La variole du singe, désormais appelée Mpox, fait l’objet d’une attention particulière à Mayotte depuis le début de l’année 2026. À ce jour, six cas ont été confirmés sur le territoire. Les autorités sanitaires assurent toutefois que la situation est suivie de près et qu’aucun signal de propagation incontrôlée n’a été détecté.
Les trois derniers cas identifiés début février ont été pris en charge rapidement grâce au dispositif de surveillance mis en place par l’Agence régionale de santé, en lien avec le Centre hospitalier de Mayotte et les professionnels de santé de l’île. Cette détection précoce a permis d’agir sans délai afin de limiter tout risque de transmission.
Face à cette situation, l’ARS a décidé de renforcer sa riposte sanitaire. Le suivi épidémiologique a été intensifié, le dépistage renforcé au CHM et une organisation spécifique des soins a été mise en place pour accueillir les patients suspects ou confirmés. Les autorités sanitaires ont également accru leur vigilance aux points d’entrée du territoire, dans un contexte de déplacements fréquents dans la région.

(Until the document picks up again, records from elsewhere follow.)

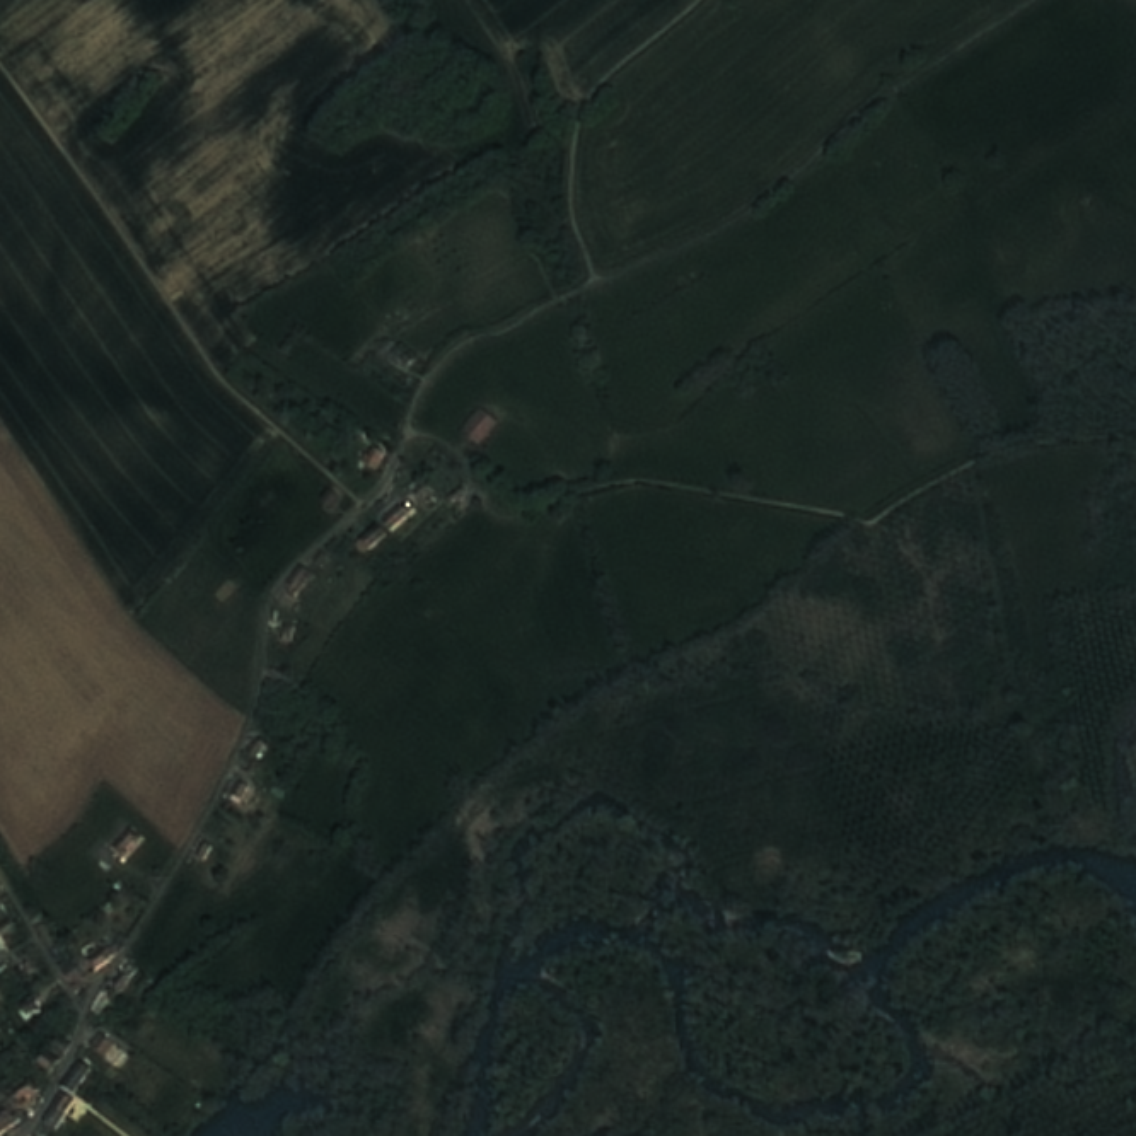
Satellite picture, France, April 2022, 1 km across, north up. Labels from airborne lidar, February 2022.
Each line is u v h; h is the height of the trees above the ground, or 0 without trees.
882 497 0
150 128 0
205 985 8
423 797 0
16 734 0
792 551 0
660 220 0
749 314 0
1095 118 0
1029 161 0
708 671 7
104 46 0
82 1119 0
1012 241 0
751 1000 20
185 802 0
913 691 0
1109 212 0
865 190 0
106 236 0
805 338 0
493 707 0
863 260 0
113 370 0
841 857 0
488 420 0
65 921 0
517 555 0
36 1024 12
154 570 0
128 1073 0
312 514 0
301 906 0
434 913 0
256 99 0
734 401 0
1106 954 24
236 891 0
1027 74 0
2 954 0
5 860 7
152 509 0
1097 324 21
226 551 0
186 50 0
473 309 0
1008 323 16
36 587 0
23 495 0
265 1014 17
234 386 0
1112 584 7
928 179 0
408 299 0
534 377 0
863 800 0
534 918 7
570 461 0
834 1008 22
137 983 0
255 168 0
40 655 0
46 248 0
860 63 0
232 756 0
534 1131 0
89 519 0
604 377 7
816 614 0
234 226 0
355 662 0
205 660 0
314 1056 20
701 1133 0
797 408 0
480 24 0
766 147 0
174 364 0
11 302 0
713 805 0
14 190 0
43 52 0
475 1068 16
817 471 0
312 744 8
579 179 0
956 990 11
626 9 0
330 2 0
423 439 0
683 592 0
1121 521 9
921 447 0
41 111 0
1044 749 5
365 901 15
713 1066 19
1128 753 8
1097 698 0
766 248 0
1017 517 0
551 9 0
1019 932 12
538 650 0
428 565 0
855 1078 14
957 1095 0
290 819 6
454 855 0
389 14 10
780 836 0
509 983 0
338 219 0
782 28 0
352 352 0
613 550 0
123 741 0
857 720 0
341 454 14
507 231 0
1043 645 0
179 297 0
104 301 0
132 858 0
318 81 0
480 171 14
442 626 0
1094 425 21
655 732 0
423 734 0
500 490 12
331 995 0
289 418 13
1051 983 0
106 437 0
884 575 0
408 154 0
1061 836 15
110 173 0
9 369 0
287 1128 10
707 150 0
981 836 0
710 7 0
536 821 15
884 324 0
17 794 0
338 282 0
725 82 0
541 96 12
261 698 7
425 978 5
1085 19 0
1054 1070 19
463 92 23
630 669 15
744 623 7
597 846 14
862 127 15
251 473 0
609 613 20
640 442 0
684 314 0
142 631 0
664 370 0
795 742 0
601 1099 0
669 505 0
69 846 0
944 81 0
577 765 0
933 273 0
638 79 0
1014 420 0
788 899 17
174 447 0
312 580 0
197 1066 0
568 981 15
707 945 24
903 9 0
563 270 10
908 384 0
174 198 0

La Mpox se transmet principalement par contact direct, notamment avec les lésions cutanées ou les muqueuses d’une personne infectée. Les symptômes associent le plus souvent de la fièvre et une éruption cutanée caractéristique. Les personnes ayant récemment voyagé dans une zone à risque et présentant ces signes sont invitées à consulter rapidement un professionnel de santé et à limiter leurs contacts en attendant un avis médical.
Les voyageurs à destination ou en provenance de Madagascar, des Comores ou de La Réunion sont appelés à faire preuve de prudence. Le respect des gestes d’hygiène, l’évitement des contacts étroits avec des personnes symptomatiques et la vigilance face aux objets potentiellement contaminés restent des mesures essentielles pour freiner la circulation du virus.
Parmi les cas recensés à Mayotte, un pompier du sud de l’île a récemment été testé positif après l’apparition de symptômes. Selon le Service départemental d’incendie et de secours, l’agent n’a pas repris le travail après l’apparition des signes cliniques. Des mesures de précaution ont été prises, notamment auprès de personnes ayant été en contact étroit avec lui, et un nettoyage complet de la caserne concernée a été réalisé.
Les autorités sanitaires rappellent que la situation, bien que surveillée de près, ne doit pas susciter de panique. La rapidité de prise en charge et les dispositifs en place permettent, à ce stade, de contenir la maladie. La vigilance collective et le respect des recommandations restent néanmoins indispensables pour protéger la population mahoraise.